Task objective |
Every line in the listing below from the one with "Answer in this" through the one with "Task: oriented 3D box estimation" is to be reproduced exactly, both ends included; leave out the rest.

Data under study |
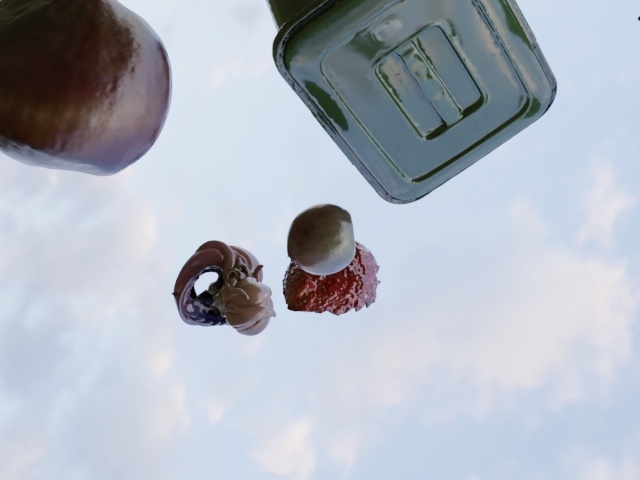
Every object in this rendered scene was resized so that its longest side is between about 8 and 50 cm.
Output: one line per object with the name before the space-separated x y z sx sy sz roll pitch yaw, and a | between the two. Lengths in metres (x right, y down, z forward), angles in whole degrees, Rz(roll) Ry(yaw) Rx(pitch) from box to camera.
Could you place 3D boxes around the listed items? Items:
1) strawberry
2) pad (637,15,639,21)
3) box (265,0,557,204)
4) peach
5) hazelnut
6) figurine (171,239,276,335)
strawberry | 0.009 0.047 1.599 0.146 0.082 0.187 20 -146 29
pad | 0.509 -0.238 1.290 0.163 0.004 0.243 -27 -133 0
box | 0.096 -0.229 1.254 0.252 0.329 0.178 -32 -132 10
peach | 0.001 -0.002 1.211 0.083 0.083 0.083 -31 -139 31
hazelnut | -0.237 -0.152 0.998 0.178 0.178 0.204 -53 -133 2
figurine | -0.110 0.064 1.397 0.157 0.126 0.114 3 -140 49
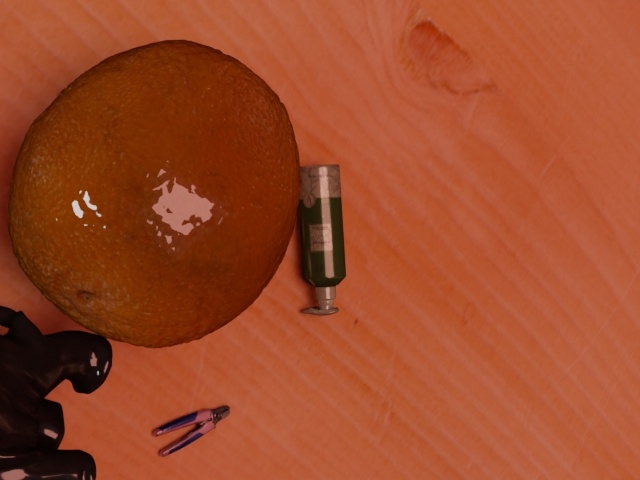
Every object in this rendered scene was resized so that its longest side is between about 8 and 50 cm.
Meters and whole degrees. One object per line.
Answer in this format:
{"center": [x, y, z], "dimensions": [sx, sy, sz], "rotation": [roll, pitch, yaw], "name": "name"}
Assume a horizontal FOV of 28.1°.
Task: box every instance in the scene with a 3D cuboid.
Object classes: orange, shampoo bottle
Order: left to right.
{"center": [-0.180, -0.060, 1.473], "dimensions": [0.322, 0.322, 0.357], "rotation": [47, 56, -24], "name": "orange"}
{"center": [0.000, 0.000, 1.737], "dimensions": [0.065, 0.065, 0.204], "rotation": [-5, 92, -34], "name": "shampoo bottle"}

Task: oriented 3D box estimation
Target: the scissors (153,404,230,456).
{"center": [-0.163, 0.241, 1.652], "dimensions": [0.113, 0.012, 0.039], "rotation": [-22, 101, -32], "name": "scissors"}

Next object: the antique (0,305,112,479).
{"center": [-0.389, 0.224, 1.397], "dimensions": [0.255, 0.185, 0.322], "rotation": [23, 64, -39], "name": "antique"}
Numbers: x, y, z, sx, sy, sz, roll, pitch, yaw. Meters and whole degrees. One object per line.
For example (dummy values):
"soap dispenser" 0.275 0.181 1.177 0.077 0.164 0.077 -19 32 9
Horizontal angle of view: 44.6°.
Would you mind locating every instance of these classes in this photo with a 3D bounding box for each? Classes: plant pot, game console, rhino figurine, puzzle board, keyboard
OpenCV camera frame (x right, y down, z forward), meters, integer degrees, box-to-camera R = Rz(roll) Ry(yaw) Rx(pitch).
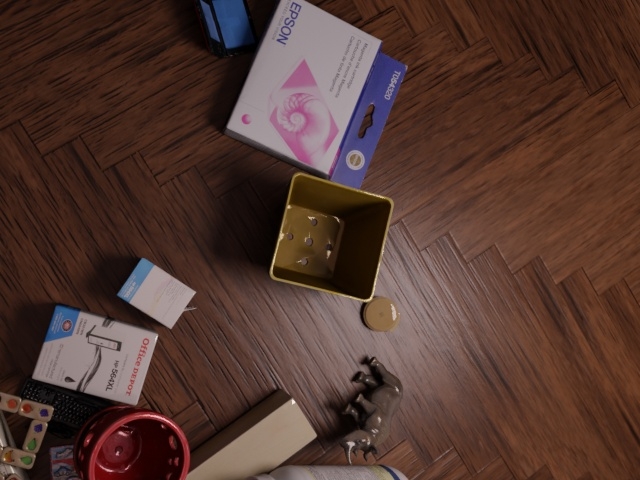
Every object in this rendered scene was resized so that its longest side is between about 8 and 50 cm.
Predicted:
"plant pot" -0.363 0.402 1.471 0.191 0.174 0.191 0 91 -29
"plant pot" 0.000 0.000 1.595 0.212 0.187 0.212 15 83 -14
"game console" -0.197 -0.460 1.618 0.085 0.124 0.144 -17 92 11
"rhino figurine" 0.105 0.364 1.625 0.106 0.073 0.243 36 47 -7
"puzzle board" -0.464 0.447 1.537 0.128 0.011 0.096 -4 88 -15
"keyboard" -0.496 0.339 1.520 0.192 0.038 0.100 23 82 -12

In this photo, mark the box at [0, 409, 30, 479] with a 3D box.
"box" -0.660 0.347 1.430 0.148 0.121 0.311 -20 93 -16

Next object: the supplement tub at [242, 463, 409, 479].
"supplement tub" 0.010 0.558 1.520 0.325 0.235 0.235 8 85 -28

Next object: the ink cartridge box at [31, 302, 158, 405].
"ink cartridge box" -0.433 0.220 1.517 0.203 0.086 0.148 18 83 -13

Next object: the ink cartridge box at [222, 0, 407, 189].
"ink cartridge box" 0.002 -0.312 1.669 0.330 0.071 0.324 23 82 -13

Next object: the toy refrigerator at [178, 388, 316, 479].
"toy refrigerator" -0.153 0.426 1.584 0.269 0.094 0.102 -34 103 -14

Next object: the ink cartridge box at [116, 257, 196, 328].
"ink cartridge box" -0.320 0.110 1.550 0.143 0.092 0.090 35 79 -11

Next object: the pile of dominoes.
"pile of dominoes" -0.620 0.352 1.356 0.251 0.040 0.196 19 82 -14

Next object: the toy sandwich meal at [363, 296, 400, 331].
"toy sandwich meal" 0.134 0.161 1.708 0.086 0.029 0.085 0 90 -4
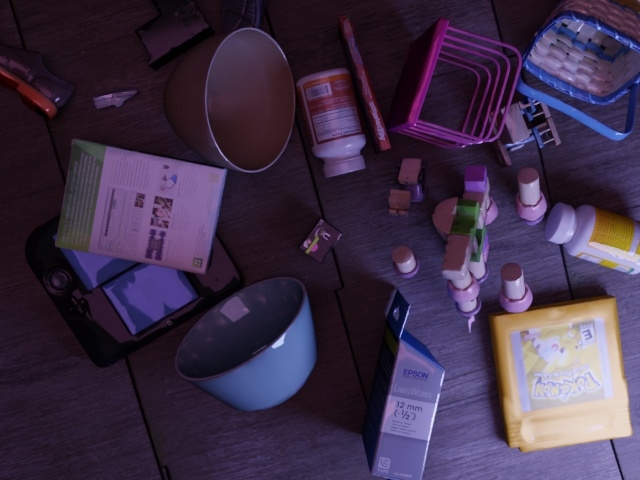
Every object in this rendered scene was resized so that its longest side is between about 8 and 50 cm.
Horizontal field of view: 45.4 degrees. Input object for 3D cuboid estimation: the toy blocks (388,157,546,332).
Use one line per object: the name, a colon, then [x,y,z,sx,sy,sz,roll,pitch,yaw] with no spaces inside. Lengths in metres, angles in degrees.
toy blocks: [0.309,0.012,1.627,0.309,0.260,0.288,6,63,22]

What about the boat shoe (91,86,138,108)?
boat shoe: [-0.444,-0.307,1.662,0.100,0.035,0.035,-15,121,-4]

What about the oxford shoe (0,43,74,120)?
oxford shoe: [-0.653,-0.376,1.633,0.271,0.097,0.098,40,72,-8]

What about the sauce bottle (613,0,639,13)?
sauce bottle: [0.578,-0.565,1.626,0.345,0.111,0.111,19,93,-3]

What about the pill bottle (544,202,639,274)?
pill bottle: [0.602,-0.010,1.660,0.209,0.117,0.117,17,93,-2]

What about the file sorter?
file sorter: [0.262,-0.298,1.550,0.182,0.290,0.202,17,93,-5]

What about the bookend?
bookend: [-0.336,-0.474,1.631,0.157,0.072,0.156,-33,93,2]

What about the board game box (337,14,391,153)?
board game box: [0.090,-0.323,1.614,0.027,0.145,0.281,-18,94,2]

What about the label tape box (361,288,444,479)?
label tape box: [0.180,0.293,1.604,0.115,0.249,0.347,13,93,-2]

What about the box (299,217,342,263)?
box: [0.000,0.000,1.680,0.062,0.052,0.083,36,91,-3]

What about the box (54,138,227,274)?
box: [-0.376,-0.071,1.610,0.322,0.058,0.232,11,95,-4]

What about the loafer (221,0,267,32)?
loafer: [-0.155,-0.564,1.628,0.109,0.095,0.302,6,90,9]

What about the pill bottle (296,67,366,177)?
pill bottle: [0.029,-0.248,1.630,0.121,0.121,0.216,-13,95,0]

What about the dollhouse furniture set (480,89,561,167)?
dollhouse furniture set: [0.436,-0.234,1.606,0.129,0.183,0.128,-24,96,1]

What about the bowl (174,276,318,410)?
bowl: [-0.130,0.235,1.594,0.312,0.311,0.163,-30,113,1]

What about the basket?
basket: [0.548,-0.362,1.573,0.255,0.201,0.288,29,58,-3]

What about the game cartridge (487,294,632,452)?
game cartridge: [0.538,0.300,1.713,0.286,0.052,0.323,-9,93,0]

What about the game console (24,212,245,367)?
game console: [-0.409,0.049,1.671,0.387,0.060,0.341,-30,94,1]

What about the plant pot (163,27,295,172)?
plant pot: [-0.210,-0.285,1.573,0.191,0.284,0.283,6,94,34]
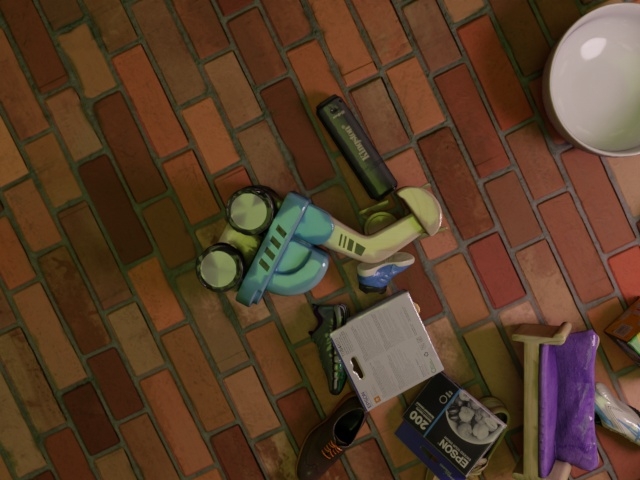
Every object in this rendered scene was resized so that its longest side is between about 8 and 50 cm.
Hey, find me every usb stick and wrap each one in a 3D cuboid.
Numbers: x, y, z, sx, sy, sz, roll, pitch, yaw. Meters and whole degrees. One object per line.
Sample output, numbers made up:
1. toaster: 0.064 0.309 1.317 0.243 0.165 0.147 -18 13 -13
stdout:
1. usb stick: 0.088 -0.225 1.469 0.077 0.045 0.278 -33 91 4

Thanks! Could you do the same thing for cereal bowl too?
1. cereal bowl: 0.673 -0.359 1.395 0.338 0.141 0.339 0 94 2

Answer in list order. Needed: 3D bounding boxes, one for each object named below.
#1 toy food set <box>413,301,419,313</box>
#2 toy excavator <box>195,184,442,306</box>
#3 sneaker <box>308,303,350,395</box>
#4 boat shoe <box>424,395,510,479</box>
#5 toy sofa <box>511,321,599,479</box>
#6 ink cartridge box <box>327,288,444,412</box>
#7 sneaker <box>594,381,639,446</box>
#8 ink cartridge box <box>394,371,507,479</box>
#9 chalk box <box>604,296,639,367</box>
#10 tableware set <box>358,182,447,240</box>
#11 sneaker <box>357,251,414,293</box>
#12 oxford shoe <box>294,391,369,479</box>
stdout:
1. toy food set: 0.200 0.179 1.500 0.082 0.020 0.083 33 94 0
2. toy excavator: 0.000 0.000 1.402 0.445 0.222 0.433 28 95 -3
3. sneaker: 0.018 0.267 1.495 0.098 0.083 0.224 2 87 20
4. boat shoe: 0.360 0.523 1.475 0.109 0.098 0.302 35 94 0
5. toy sofa: 0.549 0.380 1.406 0.177 0.150 0.363 1 94 30
6. ink cartridge box: 0.156 0.265 1.457 0.223 0.045 0.223 -26 97 -9
7. sneaker: 0.732 0.441 1.474 0.237 0.085 0.086 40 119 -3
8. ink cartridge box: 0.303 0.458 1.450 0.206 0.045 0.208 38 95 33
9. chalk box: 0.819 0.258 1.429 0.213 0.132 0.132 43 94 -2
10. tableware set: 0.199 -0.054 1.480 0.194 0.039 0.128 -21 104 9
11. sneaker: 0.161 0.084 1.482 0.152 0.058 0.085 -16 122 -20
12. oxford shoe: 0.023 0.496 1.484 0.096 0.098 0.271 34 94 0
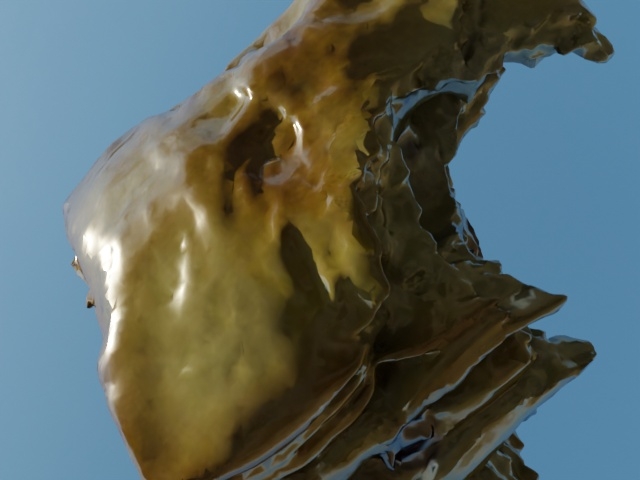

Answer area |
Answer in this format:
{"center": [x, y, z], "dimensions": [sx, sy, sz], "rotation": [roll, pitch, yaw], "name": "name"}
Assume a horizontal FOV of 28.1°.
Task: box every instance in the scene with a 3D cuboid.
Object classes: orange, shampoo bottle
Order: left to right.
{"center": [-0.180, -0.060, 1.473], "dimensions": [0.322, 0.322, 0.357], "rotation": [47, 56, -24], "name": "orange"}
{"center": [0.000, 0.000, 1.737], "dimensions": [0.065, 0.065, 0.204], "rotation": [-5, 92, -34], "name": "shampoo bottle"}

Task: oriented 3D box estimation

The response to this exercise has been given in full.